Ali al-Nuaimi added that commodity price fluctuations are to be expected, and he expressed optimism for the future despite crude's price drop of about 50 per cent since June.
"It is difficult, or even impossible, for Saudi Arabia or Opec to undertake any measure that would lead to a reduction in (their) share of the market and an increase in that of others" who do not belong to the cartel, he was quoted as saying by the official Saudi Press Agency.
"Price fluctuations in commodities, including oil, are normal," the minister added.
He said he is "optimistic for the future because the situation that we and the world currently face is temporary." Crude prices traded above US$100 a barrel earlier this year.
They have fallen to multi-year lows since June in the face of a global supply glut, a strong dollar and slower growth in demand.
Prices plunged even further after the Organisation of the Petroleum Exporting Countries decided last month against cutting production.
The cartel pumps about 30 per cent of global crude.
Prices were little changed in Asian trade on Thursday prior to Nuaimi's comments.
US benchmark West Texas Intermediate crude for January delivery fell 27 cents to US$56.20.
Brent crude for February gained two cents to US$61.20 in afternoon deals.
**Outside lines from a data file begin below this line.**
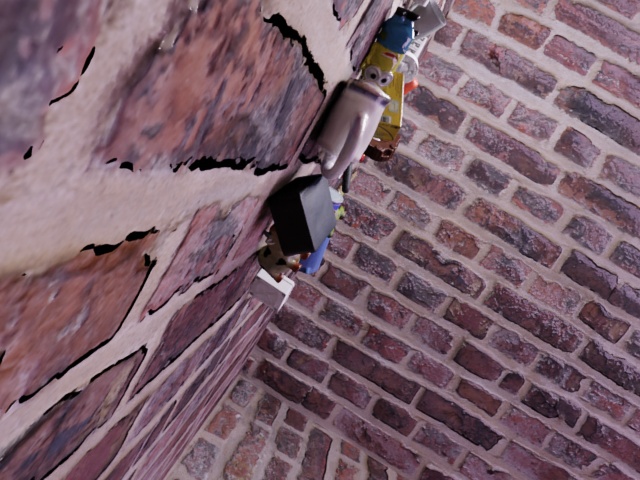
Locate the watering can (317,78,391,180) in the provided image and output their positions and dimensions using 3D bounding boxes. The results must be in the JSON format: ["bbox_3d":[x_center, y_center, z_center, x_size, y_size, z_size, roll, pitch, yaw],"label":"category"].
[{"bbox_3d":[0.055,-0.245,1.140,0.223,0.103,0.352,-63,-168,11],"label":"watering can"}]

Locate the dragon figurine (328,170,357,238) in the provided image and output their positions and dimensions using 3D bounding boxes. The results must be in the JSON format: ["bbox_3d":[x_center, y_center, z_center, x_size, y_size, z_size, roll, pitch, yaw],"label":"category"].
[{"bbox_3d":[0.006,-0.096,1.910,0.408,0.123,0.243,-61,169,6],"label":"dragon figurine"}]
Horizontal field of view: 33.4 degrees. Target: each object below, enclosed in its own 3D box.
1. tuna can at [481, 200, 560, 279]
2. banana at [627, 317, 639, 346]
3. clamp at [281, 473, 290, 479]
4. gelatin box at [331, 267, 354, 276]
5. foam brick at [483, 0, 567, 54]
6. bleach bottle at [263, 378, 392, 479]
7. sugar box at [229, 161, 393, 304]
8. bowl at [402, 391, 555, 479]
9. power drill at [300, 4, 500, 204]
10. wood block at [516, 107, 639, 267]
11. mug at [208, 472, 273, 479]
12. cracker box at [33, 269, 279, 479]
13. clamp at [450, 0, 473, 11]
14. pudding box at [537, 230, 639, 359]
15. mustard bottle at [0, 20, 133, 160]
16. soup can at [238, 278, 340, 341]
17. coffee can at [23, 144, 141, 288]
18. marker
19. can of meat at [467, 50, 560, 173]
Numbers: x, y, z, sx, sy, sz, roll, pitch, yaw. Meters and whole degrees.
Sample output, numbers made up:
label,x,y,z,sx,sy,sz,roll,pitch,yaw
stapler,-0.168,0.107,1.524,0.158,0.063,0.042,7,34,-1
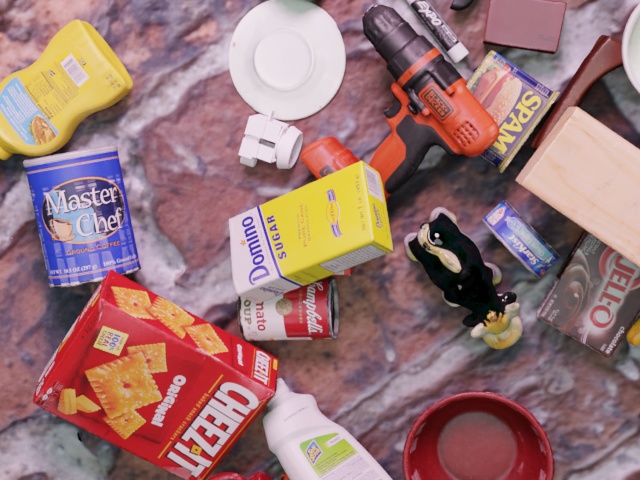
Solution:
label,x,y,z,sx,sy,sz,roll,pitch,yaw
tuna can,0.210,-0.001,1.114,0.034,0.086,0.086,-44,90,8
banana,0.394,0.035,1.104,0.069,0.037,0.198,13,121,-37
clamp,0.016,0.346,1.167,0.036,0.164,0.210,-41,81,30
gelatin box,-0.008,0.001,1.174,0.089,0.030,0.073,0,99,9
foam brick,0.210,-0.223,1.101,0.078,0.051,0.053,11,100,7
bleach bottle,0.022,0.257,1.169,0.251,0.102,0.068,53,142,16
sugar box,-0.014,-0.006,1.101,0.176,0.048,0.093,-22,61,27
bowl,0.172,0.237,1.167,0.162,0.055,0.162,1,98,8
power drill,0.066,-0.123,1.101,0.184,0.057,0.188,50,124,4
wood block,0.298,-0.032,1.009,0.206,0.090,0.090,35,100,3
mug,-0.086,0.305,1.194,0.081,0.093,0.117,-33,109,6
cracker box,-0.177,0.154,1.153,0.213,0.072,0.164,31,116,-15
clamp,0.177,-0.331,1.098,0.171,0.039,0.120,-35,96,5
pudding box,0.296,0.054,1.133,0.090,0.039,0.113,30,100,3
mustard bottle,-0.307,-0.149,1.182,0.192,0.058,0.096,-37,91,11
soup can,-0.033,0.076,1.169,0.102,0.068,0.068,-2,97,9
coffee can,-0.259,-0.027,1.169,0.103,0.102,0.140,-9,96,9
marker,0.113,-0.239,1.129,0.020,0.020,0.121,-38,91,11
can of meat,0.186,-0.135,1.115,0.084,0.057,0.102,36,101,4

The oil market has become increasingly competitive with the surge in production from American shale oil fields.
Analysts have said that Saudi Arabia is content to see shale oil producers - and even some members of the cartel - suffer from low prices rather than reduce output to boost prices.
Opec last month reaffirmed its production ceiling of 30 million barrels per day, of which Saudi Arabia is pumping around 9.6 million bpd.
Analysts say Saudi Arabia is strong enough to withstand lower prices.
On Wednesday the kingdom said it will continue massive public spending in its 2015 budget which financial analysts say could be approved as early as Monday.
But the drop in oil prices sparked turmoil this week on global stock markets where investors were concerned about the effect on oil firms as well as the crude-dependent economy of Russia.
The Russian central bank raised its key interest rate to 17.0 per cent from 10.5 per cent in a bid to prop up the ruble.
Russia, a key oil producer which does not belong to Opec, is also straining under Western sanctions over Ukraine.